Both BAE Systems and EADS have confirmed that BAE has initiated a discussion on the potential disposal of BAE Systems’ 20% stake in Airbus.” Negotiations were described as being in “the very early stages”; BAE’s 20% holding is valued at EUR 3.5 billion ($4.3 billion) in EADS’s books, but The Scotsman newspaper noted that analysts expect any sale to be worth GBP 3.0-4.5 billion ($5.2-7.8 billion at current conversion). EADS adds that the initiation of these discussions does not represent an exercise of the put option held by BAE Systems in relation to this stake.
More details regarding the potential deal, its military procurement significance, and some analysis regarding both its strategic implications and BAE’s future options can be found below… along with updates as the deal progresses.
EADS’s two biggest corporate shareholders, DaimlerChrysler and Lagardere SCA, announced on April 4, 2006 that they’re each selling 7.5% stakes in EADS in simultaneous transactions. Bloomberg reports that the transaction is valued by sale managers JP Morgan Chase & Co. and Morgan Stanley at about EUR 2.5 billion ($3.02 billion at current conversion).
DID covered EADS FY 2005 year-end financials recently, for those who are interested. Details of the transactions can be found below:
Northrop Grumman announced that it has completed the successful integration of new target detection, acquisition and tracking capabilities into all 189 previously fielded U.S. LITENING pods on the AV-8B, A-10, B-52, F-15E, F-16 and F/A-18 aircraft, raising them all to the current LITENING AT (Advanced Targeting) standard. See DID’s article highlighting the LITENING Pod.

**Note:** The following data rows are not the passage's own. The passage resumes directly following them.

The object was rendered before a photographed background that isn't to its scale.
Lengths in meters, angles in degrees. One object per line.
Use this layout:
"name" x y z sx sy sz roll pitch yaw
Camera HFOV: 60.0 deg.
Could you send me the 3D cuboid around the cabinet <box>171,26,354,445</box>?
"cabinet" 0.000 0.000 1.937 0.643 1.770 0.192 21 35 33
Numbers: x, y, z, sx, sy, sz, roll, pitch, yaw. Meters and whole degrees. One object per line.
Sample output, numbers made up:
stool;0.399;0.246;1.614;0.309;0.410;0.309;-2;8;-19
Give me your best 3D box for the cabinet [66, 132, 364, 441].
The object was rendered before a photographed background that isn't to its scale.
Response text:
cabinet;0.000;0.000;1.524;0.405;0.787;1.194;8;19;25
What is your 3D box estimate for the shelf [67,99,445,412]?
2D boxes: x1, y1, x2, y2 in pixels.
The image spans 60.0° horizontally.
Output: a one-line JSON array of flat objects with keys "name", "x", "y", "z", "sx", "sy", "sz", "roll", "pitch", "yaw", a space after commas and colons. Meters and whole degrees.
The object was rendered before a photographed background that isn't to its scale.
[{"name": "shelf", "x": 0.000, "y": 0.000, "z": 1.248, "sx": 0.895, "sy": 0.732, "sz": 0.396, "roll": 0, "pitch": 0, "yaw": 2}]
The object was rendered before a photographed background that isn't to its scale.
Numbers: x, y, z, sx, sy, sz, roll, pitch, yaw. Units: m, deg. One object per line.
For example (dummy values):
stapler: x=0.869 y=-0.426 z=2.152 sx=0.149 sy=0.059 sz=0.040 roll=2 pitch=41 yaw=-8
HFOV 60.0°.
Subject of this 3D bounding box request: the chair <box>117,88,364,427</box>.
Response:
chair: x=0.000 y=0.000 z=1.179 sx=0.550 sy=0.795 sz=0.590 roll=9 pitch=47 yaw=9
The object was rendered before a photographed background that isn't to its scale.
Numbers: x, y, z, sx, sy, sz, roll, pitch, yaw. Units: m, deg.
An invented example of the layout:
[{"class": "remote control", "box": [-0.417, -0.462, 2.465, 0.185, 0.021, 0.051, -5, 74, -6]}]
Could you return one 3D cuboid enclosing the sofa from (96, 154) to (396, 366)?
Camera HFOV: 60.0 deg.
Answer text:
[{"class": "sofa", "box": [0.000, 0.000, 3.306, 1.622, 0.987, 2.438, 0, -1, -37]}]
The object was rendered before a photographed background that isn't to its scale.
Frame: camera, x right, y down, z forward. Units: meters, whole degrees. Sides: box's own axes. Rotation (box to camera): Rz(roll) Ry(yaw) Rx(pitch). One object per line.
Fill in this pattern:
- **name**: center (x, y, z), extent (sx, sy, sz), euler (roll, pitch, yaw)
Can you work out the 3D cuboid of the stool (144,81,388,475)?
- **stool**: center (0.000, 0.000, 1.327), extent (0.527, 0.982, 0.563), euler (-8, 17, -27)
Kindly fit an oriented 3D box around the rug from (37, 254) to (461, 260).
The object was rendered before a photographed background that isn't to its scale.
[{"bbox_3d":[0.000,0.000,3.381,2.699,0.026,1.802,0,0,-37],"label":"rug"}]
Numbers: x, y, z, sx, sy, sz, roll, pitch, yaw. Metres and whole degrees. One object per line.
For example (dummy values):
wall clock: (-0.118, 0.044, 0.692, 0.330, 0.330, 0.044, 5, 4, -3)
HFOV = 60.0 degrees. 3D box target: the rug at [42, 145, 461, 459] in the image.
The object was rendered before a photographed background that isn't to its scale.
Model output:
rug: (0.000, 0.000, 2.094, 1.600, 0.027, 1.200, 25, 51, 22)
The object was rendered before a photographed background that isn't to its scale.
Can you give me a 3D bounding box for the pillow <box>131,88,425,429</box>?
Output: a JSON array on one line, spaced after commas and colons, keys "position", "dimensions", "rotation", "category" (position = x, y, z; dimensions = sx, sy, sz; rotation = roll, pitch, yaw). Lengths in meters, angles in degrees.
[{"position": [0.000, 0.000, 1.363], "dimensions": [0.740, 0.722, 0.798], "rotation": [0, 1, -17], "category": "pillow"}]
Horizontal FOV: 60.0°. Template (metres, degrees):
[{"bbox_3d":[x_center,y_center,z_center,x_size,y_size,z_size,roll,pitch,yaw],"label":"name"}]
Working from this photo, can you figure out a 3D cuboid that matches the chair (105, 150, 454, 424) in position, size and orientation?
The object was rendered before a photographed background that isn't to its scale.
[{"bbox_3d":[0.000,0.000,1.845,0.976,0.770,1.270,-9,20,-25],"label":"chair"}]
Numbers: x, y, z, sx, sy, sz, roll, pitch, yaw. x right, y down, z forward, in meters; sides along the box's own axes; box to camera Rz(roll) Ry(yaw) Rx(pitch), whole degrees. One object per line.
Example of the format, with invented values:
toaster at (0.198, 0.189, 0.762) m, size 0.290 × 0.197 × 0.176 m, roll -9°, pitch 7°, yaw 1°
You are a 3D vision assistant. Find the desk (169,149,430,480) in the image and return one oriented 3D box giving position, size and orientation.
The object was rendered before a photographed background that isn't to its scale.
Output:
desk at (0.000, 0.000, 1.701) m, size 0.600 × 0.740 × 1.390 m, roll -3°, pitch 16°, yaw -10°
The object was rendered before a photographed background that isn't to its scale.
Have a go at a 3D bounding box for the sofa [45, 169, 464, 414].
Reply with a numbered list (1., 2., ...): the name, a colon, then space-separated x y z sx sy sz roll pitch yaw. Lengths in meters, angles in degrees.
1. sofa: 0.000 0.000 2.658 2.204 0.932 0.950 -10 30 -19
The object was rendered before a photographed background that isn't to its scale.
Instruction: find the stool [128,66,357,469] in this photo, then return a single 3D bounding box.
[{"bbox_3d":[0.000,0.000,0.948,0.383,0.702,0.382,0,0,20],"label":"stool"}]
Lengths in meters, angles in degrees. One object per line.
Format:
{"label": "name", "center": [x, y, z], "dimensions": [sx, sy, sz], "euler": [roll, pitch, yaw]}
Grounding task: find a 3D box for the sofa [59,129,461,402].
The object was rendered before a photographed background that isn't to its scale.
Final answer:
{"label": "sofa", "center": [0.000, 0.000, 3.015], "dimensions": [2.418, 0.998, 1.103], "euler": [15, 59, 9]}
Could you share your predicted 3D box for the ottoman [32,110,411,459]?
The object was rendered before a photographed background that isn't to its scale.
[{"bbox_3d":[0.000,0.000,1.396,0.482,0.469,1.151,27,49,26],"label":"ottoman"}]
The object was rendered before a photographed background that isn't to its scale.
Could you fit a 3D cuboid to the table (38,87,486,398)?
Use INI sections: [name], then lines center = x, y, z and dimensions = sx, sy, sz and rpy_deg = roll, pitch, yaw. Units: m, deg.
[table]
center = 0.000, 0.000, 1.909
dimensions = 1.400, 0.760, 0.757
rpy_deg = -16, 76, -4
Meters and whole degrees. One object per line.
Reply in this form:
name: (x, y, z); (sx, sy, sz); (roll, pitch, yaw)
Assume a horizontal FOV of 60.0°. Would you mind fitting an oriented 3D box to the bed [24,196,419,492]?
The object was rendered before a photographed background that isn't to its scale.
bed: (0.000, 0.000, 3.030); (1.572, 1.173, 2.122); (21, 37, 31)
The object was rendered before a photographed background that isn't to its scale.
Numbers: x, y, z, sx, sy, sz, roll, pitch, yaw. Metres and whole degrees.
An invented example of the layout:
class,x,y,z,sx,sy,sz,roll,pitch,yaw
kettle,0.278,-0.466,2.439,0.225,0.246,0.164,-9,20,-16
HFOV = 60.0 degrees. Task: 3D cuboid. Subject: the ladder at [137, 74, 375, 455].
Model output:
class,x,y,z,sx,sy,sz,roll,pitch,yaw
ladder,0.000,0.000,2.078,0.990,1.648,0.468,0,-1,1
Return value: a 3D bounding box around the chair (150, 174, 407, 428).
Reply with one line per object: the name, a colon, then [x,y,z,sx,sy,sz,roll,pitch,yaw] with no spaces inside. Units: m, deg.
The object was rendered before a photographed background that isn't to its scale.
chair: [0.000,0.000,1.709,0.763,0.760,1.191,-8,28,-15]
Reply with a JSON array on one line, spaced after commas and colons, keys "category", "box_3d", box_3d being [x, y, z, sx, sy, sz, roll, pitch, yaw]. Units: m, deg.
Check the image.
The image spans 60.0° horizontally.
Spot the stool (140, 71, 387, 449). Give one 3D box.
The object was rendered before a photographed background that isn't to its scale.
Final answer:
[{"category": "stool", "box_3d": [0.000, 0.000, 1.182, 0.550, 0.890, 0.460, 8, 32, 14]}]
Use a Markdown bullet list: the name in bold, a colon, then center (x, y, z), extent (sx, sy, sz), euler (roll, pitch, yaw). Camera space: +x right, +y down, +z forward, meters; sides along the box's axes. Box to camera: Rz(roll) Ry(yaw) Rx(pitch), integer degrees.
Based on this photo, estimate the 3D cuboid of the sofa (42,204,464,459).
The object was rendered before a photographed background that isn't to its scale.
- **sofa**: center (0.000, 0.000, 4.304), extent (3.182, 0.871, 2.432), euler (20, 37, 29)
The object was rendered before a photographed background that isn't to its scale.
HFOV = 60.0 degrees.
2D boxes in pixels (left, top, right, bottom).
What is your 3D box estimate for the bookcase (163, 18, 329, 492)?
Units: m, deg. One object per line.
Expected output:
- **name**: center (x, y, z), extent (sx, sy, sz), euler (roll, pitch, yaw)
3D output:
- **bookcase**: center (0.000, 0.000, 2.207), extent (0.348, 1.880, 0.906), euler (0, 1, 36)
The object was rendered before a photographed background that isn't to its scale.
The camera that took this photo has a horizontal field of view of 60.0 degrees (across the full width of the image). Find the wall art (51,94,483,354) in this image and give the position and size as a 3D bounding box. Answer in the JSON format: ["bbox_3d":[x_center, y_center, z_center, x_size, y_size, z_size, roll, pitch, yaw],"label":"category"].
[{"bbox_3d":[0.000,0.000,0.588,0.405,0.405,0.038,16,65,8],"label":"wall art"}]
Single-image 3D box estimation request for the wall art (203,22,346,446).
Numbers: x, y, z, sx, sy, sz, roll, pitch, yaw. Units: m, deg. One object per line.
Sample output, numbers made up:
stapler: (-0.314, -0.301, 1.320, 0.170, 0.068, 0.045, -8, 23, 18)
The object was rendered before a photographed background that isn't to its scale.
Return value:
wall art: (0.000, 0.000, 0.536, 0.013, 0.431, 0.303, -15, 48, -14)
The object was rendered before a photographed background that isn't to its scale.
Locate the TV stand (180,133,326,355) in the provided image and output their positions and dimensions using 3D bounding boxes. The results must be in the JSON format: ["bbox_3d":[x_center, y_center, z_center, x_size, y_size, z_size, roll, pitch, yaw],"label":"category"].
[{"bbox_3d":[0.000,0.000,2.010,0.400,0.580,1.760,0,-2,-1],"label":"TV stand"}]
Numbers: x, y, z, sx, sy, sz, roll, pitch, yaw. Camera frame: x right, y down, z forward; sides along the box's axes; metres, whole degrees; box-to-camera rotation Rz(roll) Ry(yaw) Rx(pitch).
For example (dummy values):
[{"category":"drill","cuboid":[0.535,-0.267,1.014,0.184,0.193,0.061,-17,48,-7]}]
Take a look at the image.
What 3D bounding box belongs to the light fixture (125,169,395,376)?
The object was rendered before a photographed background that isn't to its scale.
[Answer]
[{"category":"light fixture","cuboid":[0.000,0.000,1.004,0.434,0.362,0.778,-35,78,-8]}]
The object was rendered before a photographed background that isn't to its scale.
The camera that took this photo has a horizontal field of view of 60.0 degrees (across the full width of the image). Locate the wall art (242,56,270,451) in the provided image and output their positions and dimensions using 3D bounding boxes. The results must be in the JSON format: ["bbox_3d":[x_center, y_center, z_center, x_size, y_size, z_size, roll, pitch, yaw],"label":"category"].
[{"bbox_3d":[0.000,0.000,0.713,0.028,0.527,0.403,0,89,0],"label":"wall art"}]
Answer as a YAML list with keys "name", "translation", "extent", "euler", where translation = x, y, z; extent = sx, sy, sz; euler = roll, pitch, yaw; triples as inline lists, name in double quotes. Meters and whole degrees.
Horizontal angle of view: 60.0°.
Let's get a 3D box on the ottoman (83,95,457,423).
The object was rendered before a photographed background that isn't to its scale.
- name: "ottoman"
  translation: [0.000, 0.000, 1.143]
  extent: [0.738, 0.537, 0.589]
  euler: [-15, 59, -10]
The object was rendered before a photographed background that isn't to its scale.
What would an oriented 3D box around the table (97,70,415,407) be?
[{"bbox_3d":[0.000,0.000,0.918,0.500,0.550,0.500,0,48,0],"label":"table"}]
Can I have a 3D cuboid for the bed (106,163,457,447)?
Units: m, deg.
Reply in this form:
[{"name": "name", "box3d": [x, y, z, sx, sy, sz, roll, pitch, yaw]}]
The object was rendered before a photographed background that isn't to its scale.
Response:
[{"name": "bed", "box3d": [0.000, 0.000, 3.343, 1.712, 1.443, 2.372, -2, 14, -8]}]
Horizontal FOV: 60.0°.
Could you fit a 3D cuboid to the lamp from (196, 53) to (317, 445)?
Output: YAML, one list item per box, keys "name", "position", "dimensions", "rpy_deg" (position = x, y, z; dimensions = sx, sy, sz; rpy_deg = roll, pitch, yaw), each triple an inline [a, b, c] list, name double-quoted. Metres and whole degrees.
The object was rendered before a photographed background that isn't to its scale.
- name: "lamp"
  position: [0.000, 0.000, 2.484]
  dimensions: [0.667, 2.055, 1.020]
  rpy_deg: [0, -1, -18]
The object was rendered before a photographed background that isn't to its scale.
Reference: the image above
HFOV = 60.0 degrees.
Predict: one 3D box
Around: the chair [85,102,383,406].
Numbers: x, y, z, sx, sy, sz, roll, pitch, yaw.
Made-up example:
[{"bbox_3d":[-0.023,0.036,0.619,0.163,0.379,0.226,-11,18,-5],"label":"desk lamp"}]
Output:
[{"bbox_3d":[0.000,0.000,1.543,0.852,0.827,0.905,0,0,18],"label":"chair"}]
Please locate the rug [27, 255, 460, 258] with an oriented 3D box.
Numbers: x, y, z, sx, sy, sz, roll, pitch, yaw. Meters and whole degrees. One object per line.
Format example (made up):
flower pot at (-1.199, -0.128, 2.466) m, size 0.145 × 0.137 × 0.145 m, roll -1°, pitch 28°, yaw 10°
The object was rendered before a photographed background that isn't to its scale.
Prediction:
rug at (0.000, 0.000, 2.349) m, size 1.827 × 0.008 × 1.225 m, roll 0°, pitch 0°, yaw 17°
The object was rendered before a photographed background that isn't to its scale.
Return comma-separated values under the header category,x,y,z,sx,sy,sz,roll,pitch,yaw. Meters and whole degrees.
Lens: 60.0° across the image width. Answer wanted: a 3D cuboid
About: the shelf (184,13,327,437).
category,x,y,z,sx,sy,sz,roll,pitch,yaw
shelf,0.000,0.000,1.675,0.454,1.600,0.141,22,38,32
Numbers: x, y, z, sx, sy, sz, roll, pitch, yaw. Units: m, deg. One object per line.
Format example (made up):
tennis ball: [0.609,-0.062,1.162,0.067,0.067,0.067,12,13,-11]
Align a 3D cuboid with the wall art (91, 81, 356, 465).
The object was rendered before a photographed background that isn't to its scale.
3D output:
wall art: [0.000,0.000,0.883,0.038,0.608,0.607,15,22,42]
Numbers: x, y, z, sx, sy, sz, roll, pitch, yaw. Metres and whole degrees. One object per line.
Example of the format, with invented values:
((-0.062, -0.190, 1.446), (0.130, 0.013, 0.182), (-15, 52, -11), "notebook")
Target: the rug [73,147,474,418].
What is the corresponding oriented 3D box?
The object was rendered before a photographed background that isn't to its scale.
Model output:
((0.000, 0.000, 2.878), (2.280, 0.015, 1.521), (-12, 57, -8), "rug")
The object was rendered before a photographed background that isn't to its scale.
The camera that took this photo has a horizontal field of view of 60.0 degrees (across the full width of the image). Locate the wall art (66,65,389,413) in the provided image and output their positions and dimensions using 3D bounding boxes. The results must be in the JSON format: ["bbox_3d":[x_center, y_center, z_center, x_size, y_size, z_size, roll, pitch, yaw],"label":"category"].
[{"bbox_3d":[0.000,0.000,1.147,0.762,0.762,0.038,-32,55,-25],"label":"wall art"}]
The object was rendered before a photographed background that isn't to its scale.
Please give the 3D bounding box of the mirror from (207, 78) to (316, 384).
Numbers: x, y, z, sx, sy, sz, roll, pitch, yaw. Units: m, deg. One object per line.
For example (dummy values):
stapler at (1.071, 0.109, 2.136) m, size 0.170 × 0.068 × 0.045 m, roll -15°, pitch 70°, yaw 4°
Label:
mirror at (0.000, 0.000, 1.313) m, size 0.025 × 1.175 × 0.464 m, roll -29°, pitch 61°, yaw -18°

LITENING has an open architecture and spare volume, which makes upgrades easier and more affordable. Additional upgrades contemplated to the LITENING pod include improved data links which are currently being provided to multiple customers. The USAF continues to conduct tests and designate improvements; advanced sensor capabilities currently in development include ROVER compatibility for tactical air controllers, extended range identification, additional enhanced imaging techniques, and advanced networking capabilities. See all of DID’s LITENING-related coverage.
Raytheon Solipsys Corp. in Laurel, MD received a cost-plus-award-fee contract for engineering and technical support related to data distribution system and range mission tool software upgrades to the Pacific Missile Range Facility at Barking Sands, Kekeha, HI. The total estimated value of the contract is $28.1 million. Work will be performed on the island of Kauai, HI and the period of performance is from April 2006 to September 2010. The Naval Sea Systems Command, Washington, DC issued the contract (N00024-06-C-6101).
The Headquarters Ogden Air Logistics Center at Hill Air Force Base, UT issued a pair of firm-fixed-priced indefinite-delivery/ indefinite-quantity contracts for repair services to F-16 Wide Angle Conventional Heads-Up Displays (HUD), HUD Electronic Units, F-16 Defractive Optical Holographic HUDs and related components. Solicitation began December 16, 2005; the contracts total $39 million over a period of five years; work will be complete April 2011.
International Enterprises Inc. in Talladega, AL received a $25.3 million contract (FA8212-06-D-0004), while BAE Systems Integrated Defense Solutions in Austin, TX received a $13.7 million contract (FA8212-06-D-0005).
The US military’s DISN backbone uses bulk-rate leased, high-speed transmission mediums (T1 and T3 channels) and GFE smart (computerized) multiplexers which provide advance dynamic bandwidth allocation services. In addition to cost savings over equivalent commercial grade services, DISN circuits provide customers a specialized 24/7 network control center for monitoring and trouble reporting activated DISN circuits.
MCI Telecommunications Corp. (doing business as Verizon) recently received a $6.6 million indefinite-delivery/ indefinite-quantity contract, which will be funded using defense working capital funds. This modification is based on firm-fixed pricing to extend the DISN Switched/Bandwidth Manager Services – CONUS (DS/BMS-C) contract to February 27, 2007. The DS/BMS-C contract needs to remain in place until the completion of transition of all circuits to the new DISN transmission services – CONUS access optimization (DTS-C A/O) contract, which will be used to move approximately 3,200 circuits off of the 35 MCI bandwidth managers to AT&T owned aggregation nodes (see PDF announcement). The requirement was solicited as other than full and open competition basis, and only one proposal was received. The Defense Information Technology Contracting Organization at Scott Air Force Base, IL issued the contract (DCA200-96-D-0096). Note that CONUS = CONtinental United States.